AlexAxthelm commented 4 months ago

I looked through the docs a bit more, and I think I get what box does now (better at least).

Overall, it seems to bring python-style modules into R

So where in python, you might have

myproject
- trigonometry.py
- script.py
import math #builtin package
import trigonometry as trig
import logging as log

foo = trig.sin(math.pi)
log.info(foo)

using box, that would be something along the lines of

myproject
- trigonometry.R
- script.R
#script.R
box::use(math) #pretend there's an R math package
box::use(trig = ./trigonometry)
box::use(log = logger)

foo = trig$sin(math$pi)
log$info(foo)

The connection to targets is in the pretty big departure of coding style from what "normal R code" looks like (not that's a bad thing).

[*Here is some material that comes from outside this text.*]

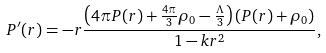Convert formula to latex. <formula><loc_0><loc_0><loc_500><loc_500>P ^ { \prime } ( r ) = - r \frac { \left ( 4 \pi P ( r ) + \frac { 4 \pi } { 3 } \rho _ { 0 } - \frac { \Lambda } { 3 } \right ) \left ( P ( r ) + \rho _ { 0 } \right ) } { 1 - k r ^ { 2 } } ,</formula>

In both cases, they're trying to make the dependency graph explicit. With targets, it does so by checking the value of all dependencies (and hashing them), while not being incredibly concerned with the source of the object (foo depends on make_foo(), depends on dplyr::mutate(), but by default, targets' doesn't care that mutate is part of a package, just that it's a function that's call in make_foo())

While with box the sources are explicit, but the value/content/body of an object in a source is not (but if you trust your modules to not change without you knowing, this is nice for debugging).


Overall, I think this is an interesting idea, but I don't see it as being beneficial over structuring things into a normal R package, where there's already a lot of tooling support, and it fits nicely with the R paradigms (for better or worse).